Last night I saw, “MELANIA,” for the second time. The audience loved it, and so do I. Check it out — A MUST SEE! https://t.co/rjwd5Appkv
View original →Norma's Analysis
This tweet appears straightforward—a simple entertainment recommendation—but it reveals several underlying moral assumptions about authority, taste, and public endorsement that merit examination.

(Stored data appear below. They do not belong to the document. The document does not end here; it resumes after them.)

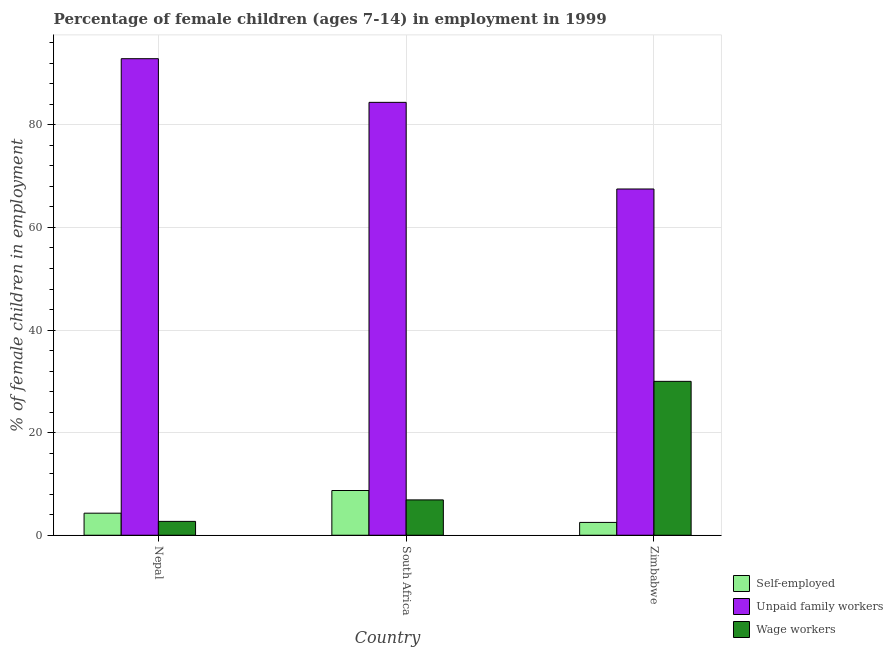How many different coloured bars are there?
Offer a terse response. 3. How many groups of bars are there?
Make the answer very short. 3. Are the number of bars per tick equal to the number of legend labels?
Give a very brief answer. Yes. Are the number of bars on each tick of the X-axis equal?
Provide a short and direct response. Yes. What is the label of the 1st group of bars from the left?
Offer a terse response. Nepal. In how many cases, is the number of bars for a given country not equal to the number of legend labels?
Provide a succinct answer. 0. What is the percentage of self employed children in Zimbabwe?
Keep it short and to the point. 2.5. Across all countries, what is the maximum percentage of children employed as unpaid family workers?
Make the answer very short. 92.9. Across all countries, what is the minimum percentage of children employed as wage workers?
Make the answer very short. 2.7. In which country was the percentage of children employed as unpaid family workers maximum?
Give a very brief answer. Nepal. In which country was the percentage of children employed as wage workers minimum?
Make the answer very short. Nepal. What is the total percentage of children employed as unpaid family workers in the graph?
Keep it short and to the point. 244.79. What is the difference between the percentage of children employed as wage workers in Nepal and that in South Africa?
Offer a very short reply. -4.19. What is the difference between the percentage of self employed children in Zimbabwe and the percentage of children employed as unpaid family workers in Nepal?
Provide a succinct answer. -90.4. What is the average percentage of children employed as wage workers per country?
Provide a succinct answer. 13.2. What is the difference between the percentage of children employed as unpaid family workers and percentage of children employed as wage workers in Zimbabwe?
Provide a succinct answer. 37.5. What is the ratio of the percentage of self employed children in Nepal to that in Zimbabwe?
Ensure brevity in your answer.  1.72. Is the percentage of children employed as wage workers in Nepal less than that in Zimbabwe?
Make the answer very short. Yes. Is the difference between the percentage of children employed as unpaid family workers in South Africa and Zimbabwe greater than the difference between the percentage of self employed children in South Africa and Zimbabwe?
Make the answer very short. Yes. What is the difference between the highest and the second highest percentage of children employed as unpaid family workers?
Keep it short and to the point. 8.51. What is the difference between the highest and the lowest percentage of self employed children?
Provide a short and direct response. 6.22. Is the sum of the percentage of children employed as unpaid family workers in South Africa and Zimbabwe greater than the maximum percentage of self employed children across all countries?
Make the answer very short. Yes. What does the 1st bar from the left in Nepal represents?
Ensure brevity in your answer.  Self-employed. What does the 1st bar from the right in Zimbabwe represents?
Your answer should be compact. Wage workers. Is it the case that in every country, the sum of the percentage of self employed children and percentage of children employed as unpaid family workers is greater than the percentage of children employed as wage workers?
Your answer should be very brief. Yes. Are all the bars in the graph horizontal?
Make the answer very short. No. What is the difference between two consecutive major ticks on the Y-axis?
Keep it short and to the point. 20. Does the graph contain grids?
Your answer should be very brief. Yes. How many legend labels are there?
Your response must be concise. 3. How are the legend labels stacked?
Ensure brevity in your answer.  Vertical. What is the title of the graph?
Offer a very short reply. Percentage of female children (ages 7-14) in employment in 1999. What is the label or title of the X-axis?
Keep it short and to the point. Country. What is the label or title of the Y-axis?
Offer a terse response. % of female children in employment. What is the % of female children in employment in Unpaid family workers in Nepal?
Your answer should be compact. 92.9. What is the % of female children in employment in Self-employed in South Africa?
Offer a terse response. 8.72. What is the % of female children in employment of Unpaid family workers in South Africa?
Keep it short and to the point. 84.39. What is the % of female children in employment in Wage workers in South Africa?
Offer a terse response. 6.89. What is the % of female children in employment in Unpaid family workers in Zimbabwe?
Your answer should be compact. 67.5. What is the % of female children in employment in Wage workers in Zimbabwe?
Provide a succinct answer. 30. Across all countries, what is the maximum % of female children in employment of Self-employed?
Ensure brevity in your answer.  8.72. Across all countries, what is the maximum % of female children in employment in Unpaid family workers?
Make the answer very short. 92.9. Across all countries, what is the minimum % of female children in employment in Self-employed?
Provide a short and direct response. 2.5. Across all countries, what is the minimum % of female children in employment in Unpaid family workers?
Provide a short and direct response. 67.5. Across all countries, what is the minimum % of female children in employment in Wage workers?
Provide a short and direct response. 2.7. What is the total % of female children in employment in Self-employed in the graph?
Your answer should be compact. 15.52. What is the total % of female children in employment in Unpaid family workers in the graph?
Ensure brevity in your answer.  244.79. What is the total % of female children in employment of Wage workers in the graph?
Your answer should be compact. 39.59. What is the difference between the % of female children in employment in Self-employed in Nepal and that in South Africa?
Your response must be concise. -4.42. What is the difference between the % of female children in employment in Unpaid family workers in Nepal and that in South Africa?
Your answer should be compact. 8.51. What is the difference between the % of female children in employment of Wage workers in Nepal and that in South Africa?
Offer a terse response. -4.19. What is the difference between the % of female children in employment of Unpaid family workers in Nepal and that in Zimbabwe?
Offer a very short reply. 25.4. What is the difference between the % of female children in employment of Wage workers in Nepal and that in Zimbabwe?
Your response must be concise. -27.3. What is the difference between the % of female children in employment in Self-employed in South Africa and that in Zimbabwe?
Your answer should be compact. 6.22. What is the difference between the % of female children in employment in Unpaid family workers in South Africa and that in Zimbabwe?
Keep it short and to the point. 16.89. What is the difference between the % of female children in employment of Wage workers in South Africa and that in Zimbabwe?
Give a very brief answer. -23.11. What is the difference between the % of female children in employment of Self-employed in Nepal and the % of female children in employment of Unpaid family workers in South Africa?
Ensure brevity in your answer.  -80.09. What is the difference between the % of female children in employment of Self-employed in Nepal and the % of female children in employment of Wage workers in South Africa?
Keep it short and to the point. -2.59. What is the difference between the % of female children in employment in Unpaid family workers in Nepal and the % of female children in employment in Wage workers in South Africa?
Give a very brief answer. 86.01. What is the difference between the % of female children in employment in Self-employed in Nepal and the % of female children in employment in Unpaid family workers in Zimbabwe?
Offer a terse response. -63.2. What is the difference between the % of female children in employment of Self-employed in Nepal and the % of female children in employment of Wage workers in Zimbabwe?
Provide a short and direct response. -25.7. What is the difference between the % of female children in employment in Unpaid family workers in Nepal and the % of female children in employment in Wage workers in Zimbabwe?
Ensure brevity in your answer.  62.9. What is the difference between the % of female children in employment of Self-employed in South Africa and the % of female children in employment of Unpaid family workers in Zimbabwe?
Your answer should be very brief. -58.78. What is the difference between the % of female children in employment in Self-employed in South Africa and the % of female children in employment in Wage workers in Zimbabwe?
Ensure brevity in your answer.  -21.28. What is the difference between the % of female children in employment in Unpaid family workers in South Africa and the % of female children in employment in Wage workers in Zimbabwe?
Provide a short and direct response. 54.39. What is the average % of female children in employment of Self-employed per country?
Provide a succinct answer. 5.17. What is the average % of female children in employment of Unpaid family workers per country?
Make the answer very short. 81.6. What is the average % of female children in employment in Wage workers per country?
Ensure brevity in your answer.  13.2. What is the difference between the % of female children in employment in Self-employed and % of female children in employment in Unpaid family workers in Nepal?
Offer a very short reply. -88.6. What is the difference between the % of female children in employment in Unpaid family workers and % of female children in employment in Wage workers in Nepal?
Offer a very short reply. 90.2. What is the difference between the % of female children in employment in Self-employed and % of female children in employment in Unpaid family workers in South Africa?
Ensure brevity in your answer.  -75.67. What is the difference between the % of female children in employment of Self-employed and % of female children in employment of Wage workers in South Africa?
Provide a short and direct response. 1.83. What is the difference between the % of female children in employment in Unpaid family workers and % of female children in employment in Wage workers in South Africa?
Offer a terse response. 77.5. What is the difference between the % of female children in employment in Self-employed and % of female children in employment in Unpaid family workers in Zimbabwe?
Ensure brevity in your answer.  -65. What is the difference between the % of female children in employment in Self-employed and % of female children in employment in Wage workers in Zimbabwe?
Offer a very short reply. -27.5. What is the difference between the % of female children in employment in Unpaid family workers and % of female children in employment in Wage workers in Zimbabwe?
Keep it short and to the point. 37.5. What is the ratio of the % of female children in employment of Self-employed in Nepal to that in South Africa?
Keep it short and to the point. 0.49. What is the ratio of the % of female children in employment of Unpaid family workers in Nepal to that in South Africa?
Make the answer very short. 1.1. What is the ratio of the % of female children in employment in Wage workers in Nepal to that in South Africa?
Ensure brevity in your answer.  0.39. What is the ratio of the % of female children in employment of Self-employed in Nepal to that in Zimbabwe?
Make the answer very short. 1.72. What is the ratio of the % of female children in employment of Unpaid family workers in Nepal to that in Zimbabwe?
Give a very brief answer. 1.38. What is the ratio of the % of female children in employment of Wage workers in Nepal to that in Zimbabwe?
Your response must be concise. 0.09. What is the ratio of the % of female children in employment in Self-employed in South Africa to that in Zimbabwe?
Your response must be concise. 3.49. What is the ratio of the % of female children in employment of Unpaid family workers in South Africa to that in Zimbabwe?
Ensure brevity in your answer.  1.25. What is the ratio of the % of female children in employment of Wage workers in South Africa to that in Zimbabwe?
Give a very brief answer. 0.23. What is the difference between the highest and the second highest % of female children in employment in Self-employed?
Give a very brief answer. 4.42. What is the difference between the highest and the second highest % of female children in employment in Unpaid family workers?
Your answer should be very brief. 8.51. What is the difference between the highest and the second highest % of female children in employment of Wage workers?
Provide a succinct answer. 23.11. What is the difference between the highest and the lowest % of female children in employment of Self-employed?
Your answer should be compact. 6.22. What is the difference between the highest and the lowest % of female children in employment of Unpaid family workers?
Your response must be concise. 25.4. What is the difference between the highest and the lowest % of female children in employment of Wage workers?
Your answer should be compact. 27.3.

The most prominent value at work here is the concept of cultural authority—the idea that certain people's aesthetic judgments carry special weight and should influence others' choices. By stating "A MUST SEE!" Trump positions himself as a cultural tastemaker whose personal enjoyment ("so do I") should translate into a universal recommendation. This reflects what philosophers call paternalistic reasoning—the belief that one person can and should guide others' decisions based on superior judgment or knowledge.
The tweet also demonstrates testimonial ethics—the moral framework surrounding when we should trust others' recommendations. Trump appeals to both his own repeated viewing ("for the second time") and crowd approval ("The audience loved it") as evidence of quality. This combines democratic validation (if many people like it, it must be good) with personal authority (my endorsement matters). Philosopher John Stuart Mill might critique this approach, arguing in On Liberty that individual judgment should be based on personal experience rather than deference to authority figures.
Finally, there's an implicit assumption about the moral neutrality of entertainment choices. The casual, enthusiastic tone suggests that cultural recommendations exist outside political or ethical considerations—that aesthetic judgment can be separated from other values. Critics might argue this overlooks how cultural endorsements, especially from political figures, inevitably carry broader symbolic weight and reflect deeper commitments about what kinds of stories and perspectives deserve amplification.